Well, by looking at more advanced countries that do have universal healthcare at fairly reasonable tax rates, there are models for how it can be done without doubling our taxes..


> One reason some are opposed to going to a government paid system is the fact that we spend so much on that where if the costs were simply doubled it'd be a rediculous expense.

They're wrong because Medicare and Medicaid are more efficient and control costs better than the private sector. Costs are already more than doubled once you add in the private sector. Even if taxes were doubled y'all would still end up paying less on the net because your employers are already paying for healthcare, which is a private tax.


>One reason some are opposed to going to a government paid system is the fact that we spend so much on that where if the costs were simply doubled it'd be a rediculous expense.

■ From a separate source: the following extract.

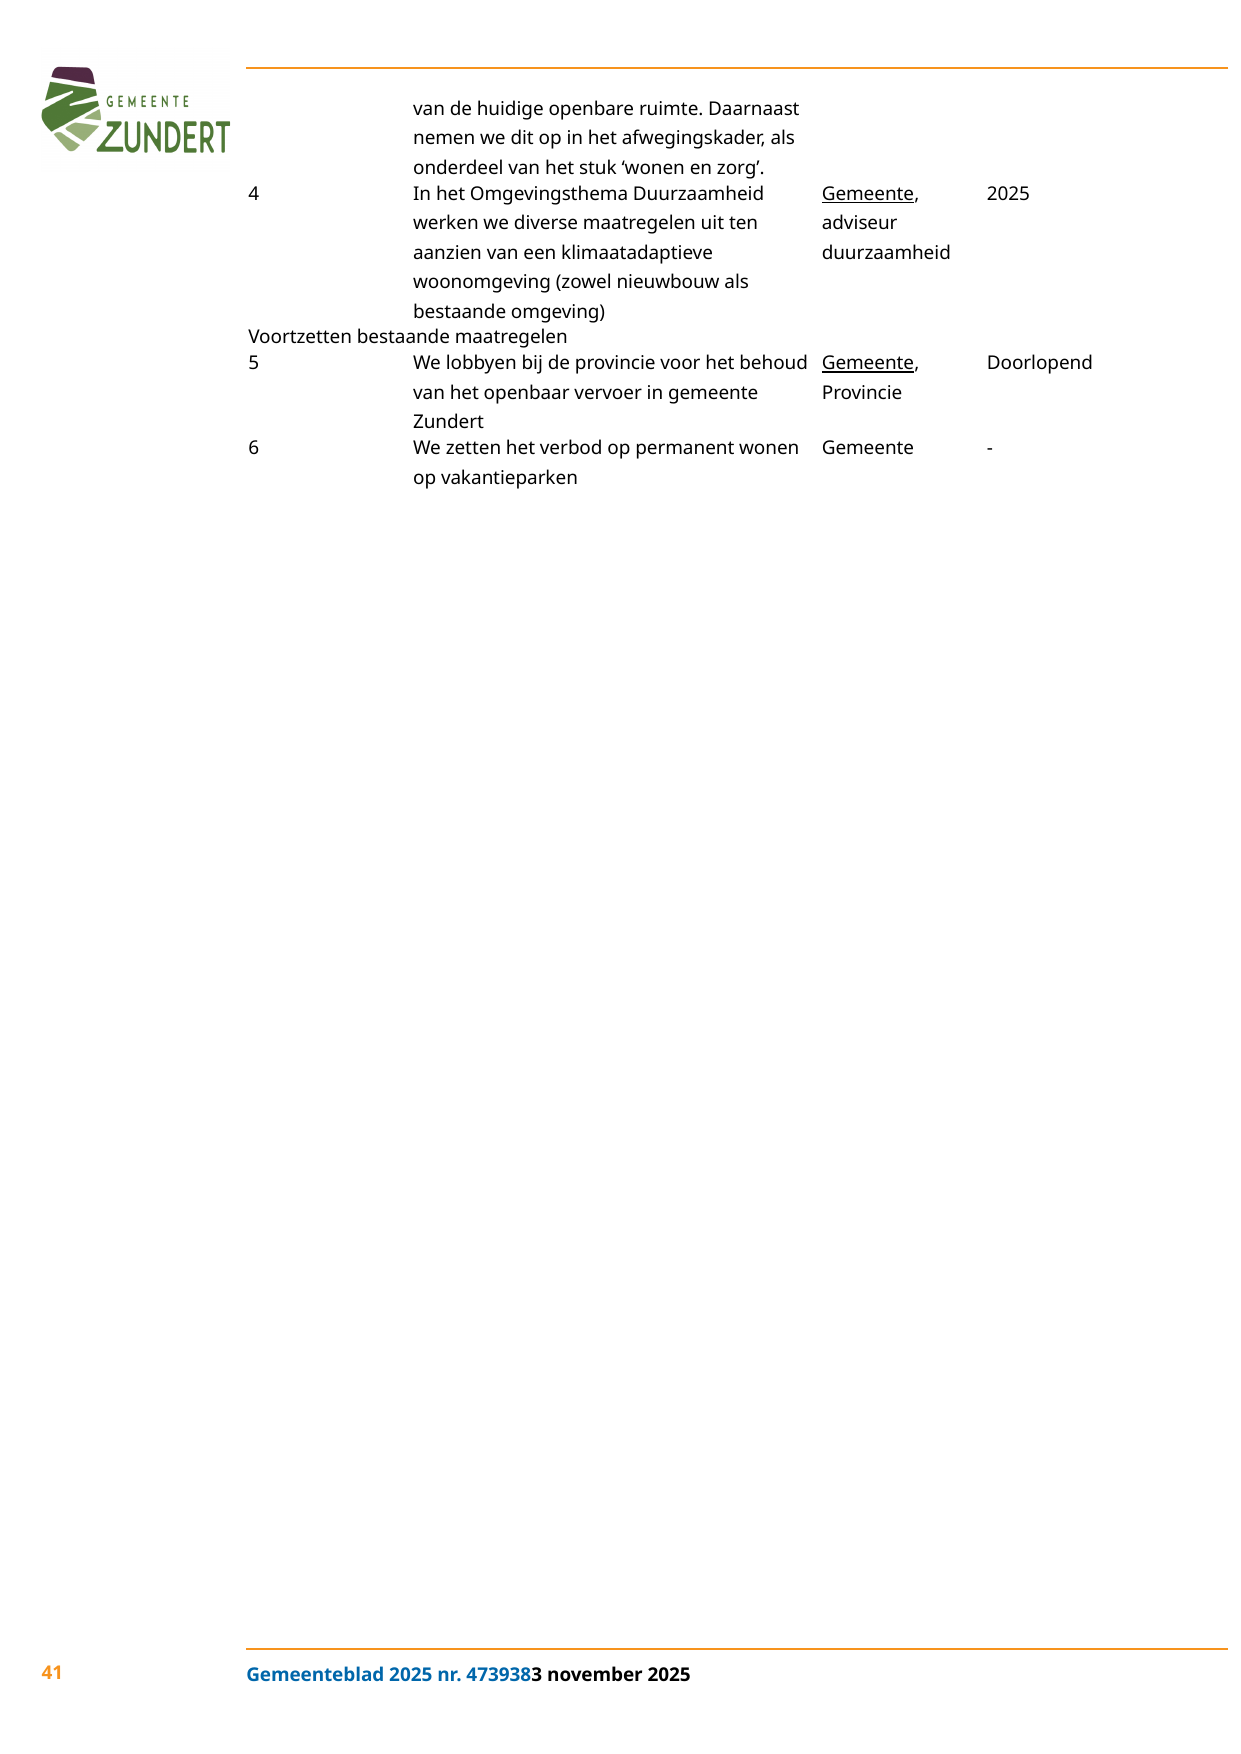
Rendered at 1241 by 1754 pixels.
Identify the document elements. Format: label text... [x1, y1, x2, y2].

Or maybe people would realize a County like Germany is able to cover the entire County (2x as many people as Medicare) while spending half the Medicare budget. Then, questions of waste and fraud might pop up, which no one involved wants to happen.

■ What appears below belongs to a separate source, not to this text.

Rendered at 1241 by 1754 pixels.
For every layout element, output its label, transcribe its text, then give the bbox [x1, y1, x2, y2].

Germany's healthcare is very efficient, but definitely very conservative in the treatments.

Issues are often just ignored until they go away. It usually works fine though, so it's not necessarily bad.


>Issues are often just ignored until they go away.

In someways thats part of the reason our Medicare program is so expensive.

In the US we essentially go an entire lifetime without regular/preventative care, then when patients become eligible for Medicare, they have a lifetime worth of chronic illness that is treated on the tax payers dime.

7 out of 10 Medicare have at least 1 chronic condition, and chronic conditions are notoriously expensive to treat. Whereas nearly 100% of chronic conditions could be avoided if the patient had regular/preventative care (for example identifying prediabetics or patients with high blood pressure, or heart disease) while they were young enough to make the lifestyle changes to avoid these conditions altogether. Our system is essentially designed to ensure patients are both chronically ill and expensive before they are eligible for coverage.


Excess care and excess testing are not always correlated with better health outcomes. Doing more isn't always better.